Christine and I saw the Aqua Teen Hunger Force movie at the cheap theatre this past weekend. It was unequivocally the worst movie I’ve ever seen. Often times, a bad movie will have some redeeming qualities; perhaps the sheer awfulness of the movie is enjoyable in of itself. This movie had no redeeming qualities of any kind. There were no pros, no laughs, nothing clever, nothing enjoyable, only pain.

The movie attempted to poke some fun at Phil Collins’ “In the Air Tonight.” I emphasize attempt, because even the most astute viewers who understood a shot was being taken at an awful song, with awful canned drums, and awful monotonous lyrics, probably were so fucking annoyed with the movie, the god damn icing on the cake, came in the form of hearing that awful song. How many fucking times can you repeat the same lyrics over and over and over again? Apparently, if you’re Phil Collins, you can do it over and over again and still have an international hit.

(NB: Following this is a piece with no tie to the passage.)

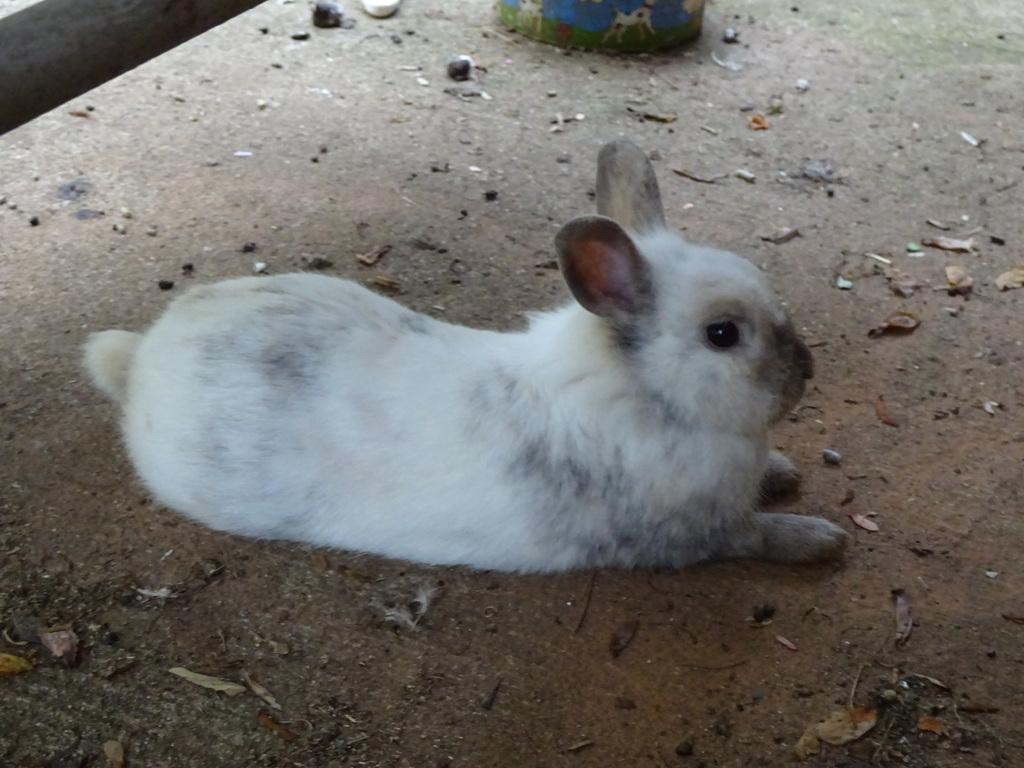What is the main subject in the middle of the picture? There is a white rabbit in the middle of the picture. What can be seen at the bottom of the image? Dry leaves and small stones are visible at the bottom of the image. What color is the object at the top of the image? The object at the top of the image is in blue color. How does the fly interact with the bait in the image? There is no fly or bait present in the image. What type of umbrella is being used by the rabbit in the image? There is no umbrella present in the image, and the rabbit is not using any umbrella. 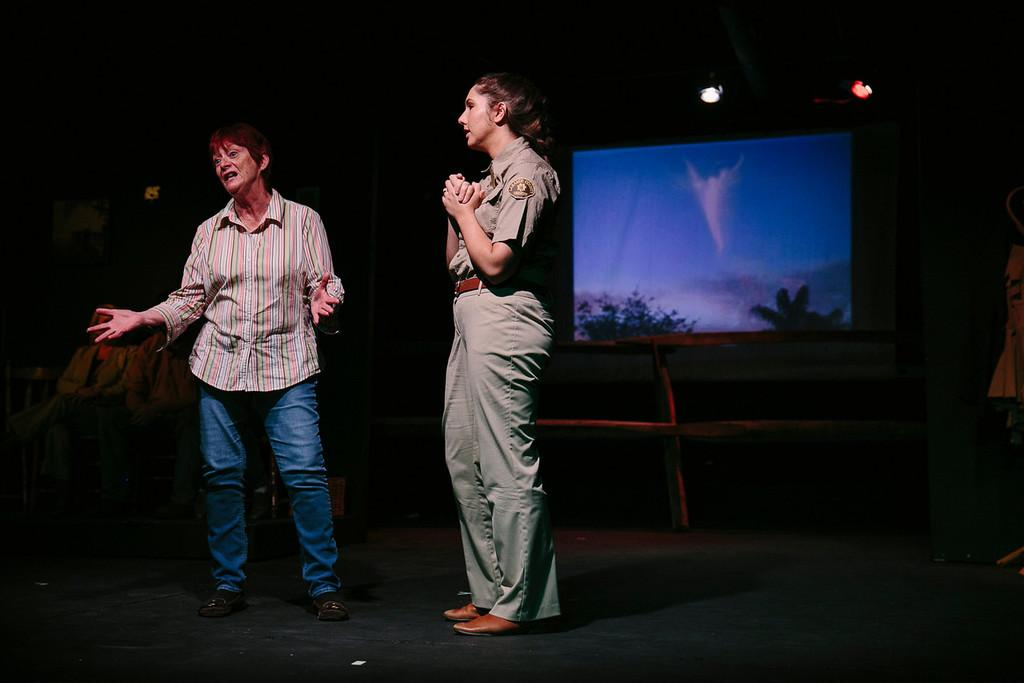What can be seen in the image? There are people standing in the image. Where are the people standing? The people are standing on the floor. What objects can be seen in the image besides the people? There are wooden poles visible in the image. What is on the wall in the image? There is a projector screen on the wall. How would you describe the lighting in the image? The background of the image is dark. What type of bread is being used for the treatment in the image? There is no bread or treatment present in the image; it features people standing on the floor with wooden poles and a projector screen on the wall.

The song got me thinking about the worst lyrics of all-time. The writers, perhaps reading my mind, had a discussion about it yesterday. Prior to their discussion, I planned to use this space for a lengthy debate. Fortunately, one of the writers, Gene, ended the debate almost immediately.

After Mike mentioned the Digital Underground lyrics from “The Humpty Dance,” (“I get stupid, shoot an arrow like cupid, I use a word that don’t mean nothing, like looptid…”) Gene had this brilliant insight (and I’m paraphrasing):

With regards to the Young MC song “Bust A Move,” a certain verse makes absolutely no sense when you think about it. “Your best friend Harry, has a brother Larry, in five days from now he’s gonna marry. He’s hopin’ you can make it there, if you can, cuz in the ceremony you’re the best man.”

If Harry is your best friend, then why is his brother Larry using you as the best man in his wedding? If Larry has a brother Harry, why isn’t he using his brother Harry as his best man? You have to construct a pretty crazy story for why Larry would possibly use you as the best man. Apparently, even though you consider Harry to be your best friend, Larry considers you to be his (?) so much so that he’s going to buck the tradition of using his brother, Harry, as his best man. And while this scenario is possible, I’m going to venture out a limb here and suggest that Young MC is an idiot, but hey, so am I… after all, I went to go see Aqua Teen Hunger Force Colon Movie Film For Theatres with out being stoned out of my gourd.